* Information provided *
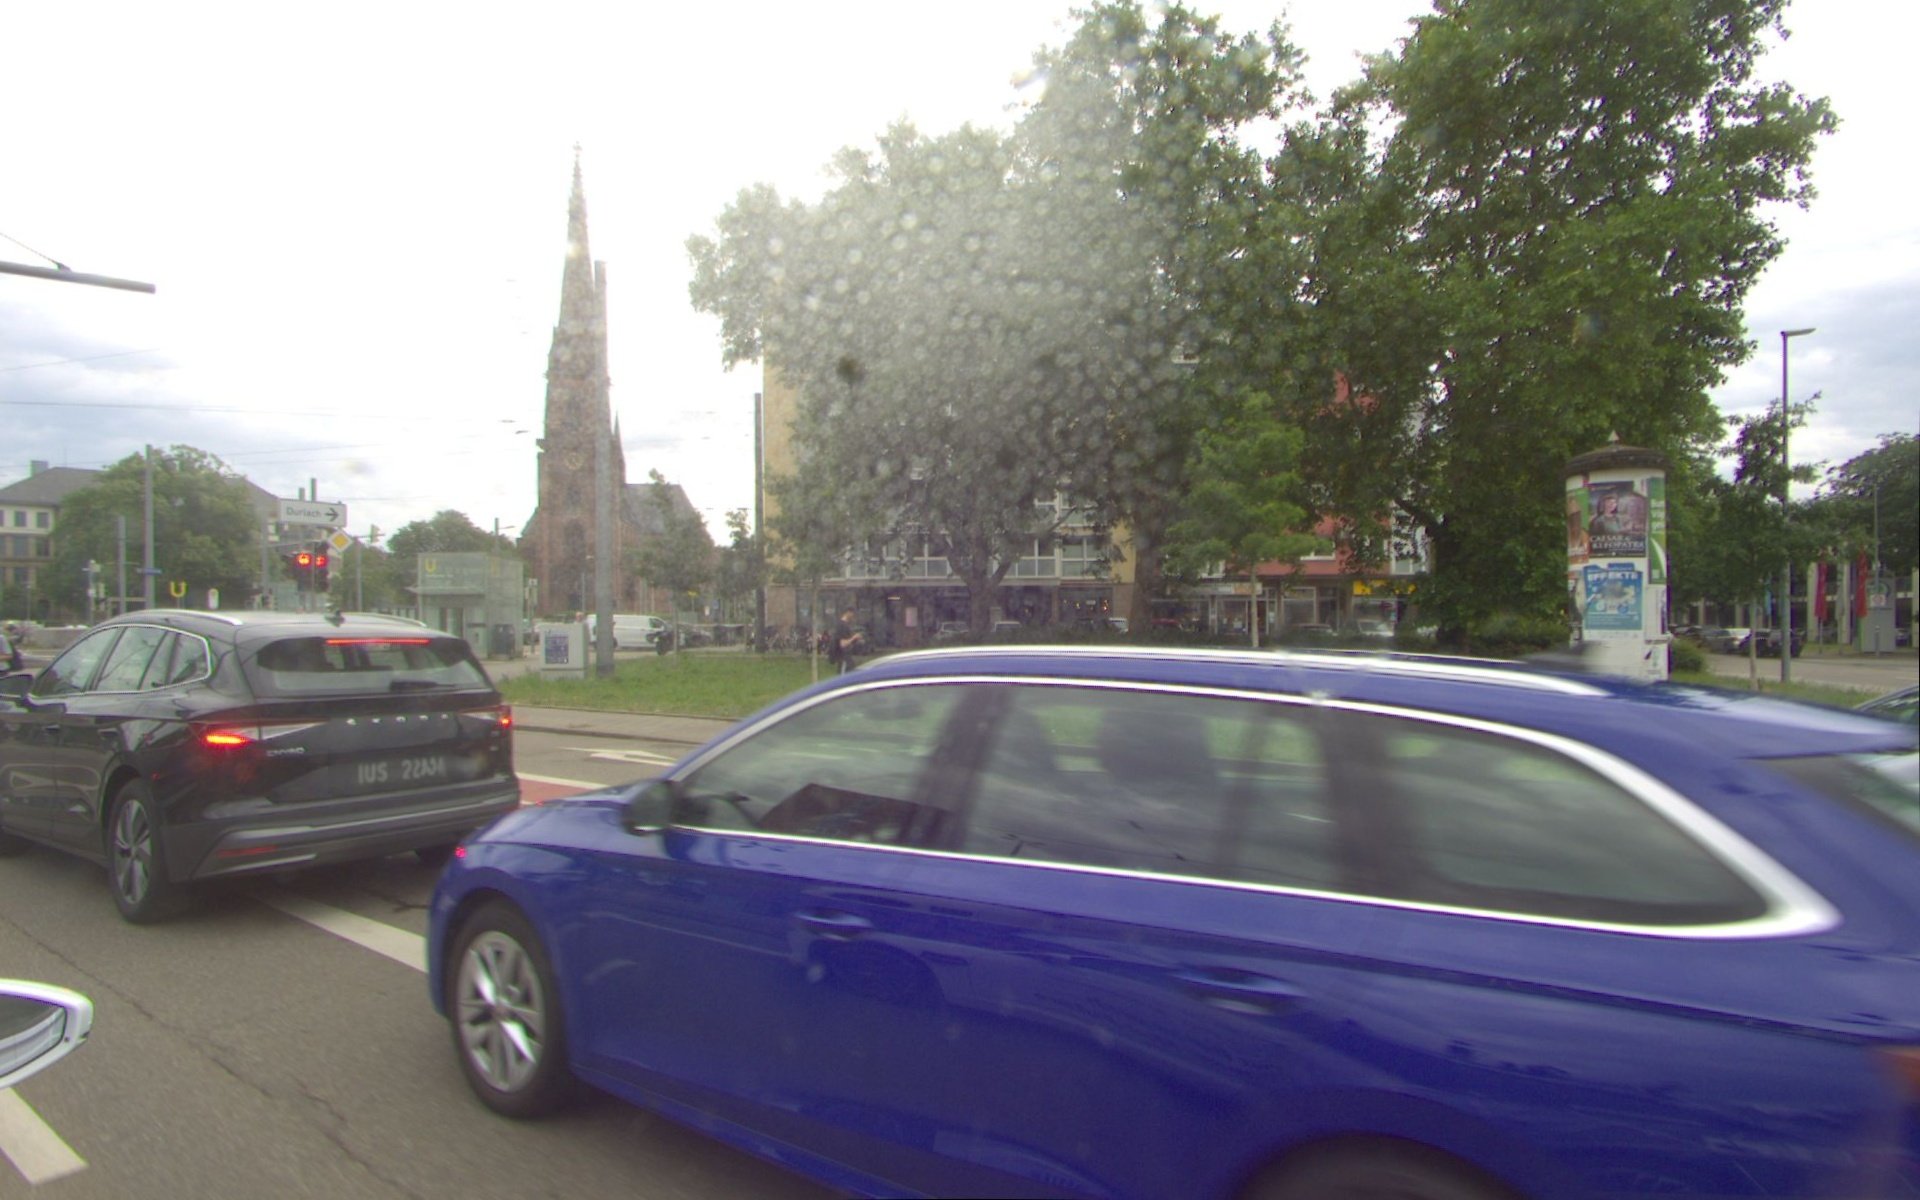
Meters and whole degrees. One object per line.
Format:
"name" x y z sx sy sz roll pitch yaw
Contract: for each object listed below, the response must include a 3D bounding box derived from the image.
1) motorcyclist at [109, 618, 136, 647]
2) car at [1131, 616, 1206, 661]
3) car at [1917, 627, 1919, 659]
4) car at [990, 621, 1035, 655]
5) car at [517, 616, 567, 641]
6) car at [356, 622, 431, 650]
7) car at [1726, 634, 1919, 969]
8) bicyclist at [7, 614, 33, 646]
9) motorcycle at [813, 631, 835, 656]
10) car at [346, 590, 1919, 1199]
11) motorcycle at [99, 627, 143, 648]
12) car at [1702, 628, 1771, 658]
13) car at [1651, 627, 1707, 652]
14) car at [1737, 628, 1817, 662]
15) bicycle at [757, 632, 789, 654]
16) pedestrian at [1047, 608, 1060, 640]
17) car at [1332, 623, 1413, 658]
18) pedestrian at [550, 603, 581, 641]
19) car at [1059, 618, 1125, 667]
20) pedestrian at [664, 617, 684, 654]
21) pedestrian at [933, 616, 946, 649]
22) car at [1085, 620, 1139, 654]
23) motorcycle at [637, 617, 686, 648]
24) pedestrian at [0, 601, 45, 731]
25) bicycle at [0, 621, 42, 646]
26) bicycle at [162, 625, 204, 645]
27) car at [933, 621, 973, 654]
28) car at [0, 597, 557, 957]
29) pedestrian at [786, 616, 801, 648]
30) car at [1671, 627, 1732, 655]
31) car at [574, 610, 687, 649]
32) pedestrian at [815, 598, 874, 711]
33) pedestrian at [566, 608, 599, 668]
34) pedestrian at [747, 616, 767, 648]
"motorcyclist" -48.446 1.885 57.922 0.735 1.671 0.981 -1 0 2
"car" 7.772 1.423 37.769 1.825 1.567 4.477 0 -1 -1
"car" 46.265 1.993 45.780 1.866 1.567 4.468 -2 -1 19
"car" 2.464 1.776 47.522 1.825 1.509 4.477 0 -1 -1
"car" -31.264 2.109 75.030 1.864 1.797 4.001 -1 -2 4
"car" -32.046 2.013 56.753 1.741 1.483 4.001 -1 -2 4
"car" 6.286 0.924 4.630 4.029 1.486 1.750 -1 -1 24
"bicyclist" -50.650 1.606 53.955 0.643 1.695 0.855 0 0 20
"motorcycle" -5.582 1.770 41.106 0.857 1.010 1.015 0 -1 -5
"car" 0.146 0.792 2.977 4.406 1.507 1.775 -1 -1 35
"motorcycle" -48.462 2.161 57.863 0.729 1.154 2.142 0 -1 2
"car" 45.671 2.487 59.032 1.829 1.644 4.468 -2 -1 19
"car" 49.162 2.687 68.564 1.829 1.644 4.468 -2 -1 19
"car" 43.607 2.376 53.577 1.829 1.644 4.468 -2 -1 19
"bicycle" -7.882 1.810 42.218 1.240 0.929 0.595 0 -1 5
"pedestrian" 4.810 1.249 51.697 0.625 1.659 0.872 0 -1 2
"car" 19.299 1.856 47.044 1.825 1.567 4.477 0 -1 -2
"pedestrian" -19.383 1.096 49.211 1.066 1.820 0.947 -1 -1 3
"car" 4.890 1.553 37.685 1.825 1.744 4.477 0 -1 -1
"pedestrian" -13.065 1.615 45.797 0.625 1.659 0.872 0 -1 2
"pedestrian" -1.066 1.682 51.467 0.625 1.659 0.872 0 -1 2
"car" 7.193 1.747 47.815 1.825 1.567 4.477 0 -1 -1
"motorcycle" -11.673 1.276 39.259 0.753 1.183 2.385 0 -1 14
"pedestrian" -14.622 0.989 15.088 0.721 1.931 1.104 0 -1 -8
"bicycle" -50.660 1.802 53.920 0.634 1.339 1.733 0 -1 19
"bicycle" -54.737 2.445 70.543 0.699 1.348 2.250 -2 -2 42
"car" -0.353 1.758 47.596 1.825 1.509 4.477 0 -1 -1
"car" -4.747 0.842 6.477 4.446 1.617 1.774 -1 -1 33
"pedestrian" -8.687 1.688 52.256 0.625 1.659 0.872 0 -1 1
"car" 47.310 2.596 64.007 1.829 1.644 4.468 -2 -1 19
"car" -18.317 1.637 55.853 5.669 2.039 2.013 0 -2 -38
"pedestrian" -1.961 0.910 16.914 0.968 1.868 0.537 0 0 -9
"pedestrian" -12.445 1.242 33.020 0.873 1.955 1.016 0 -1 -13
"pedestrian" -10.512 1.645 51.857 0.778 1.659 0.632 1 -1 -41

* Work request *
In the listing above, locate the line with "6) car at [356, 622, 431, 650]" and the line with "17) car at [1332, 623, 1413, 658]", then extract exactly those lines and every line between them, and nothing more.

* Exercise result *
6) car at [356, 622, 431, 650]
7) car at [1726, 634, 1919, 969]
8) bicyclist at [7, 614, 33, 646]
9) motorcycle at [813, 631, 835, 656]
10) car at [346, 590, 1919, 1199]
11) motorcycle at [99, 627, 143, 648]
12) car at [1702, 628, 1771, 658]
13) car at [1651, 627, 1707, 652]
14) car at [1737, 628, 1817, 662]
15) bicycle at [757, 632, 789, 654]
16) pedestrian at [1047, 608, 1060, 640]
17) car at [1332, 623, 1413, 658]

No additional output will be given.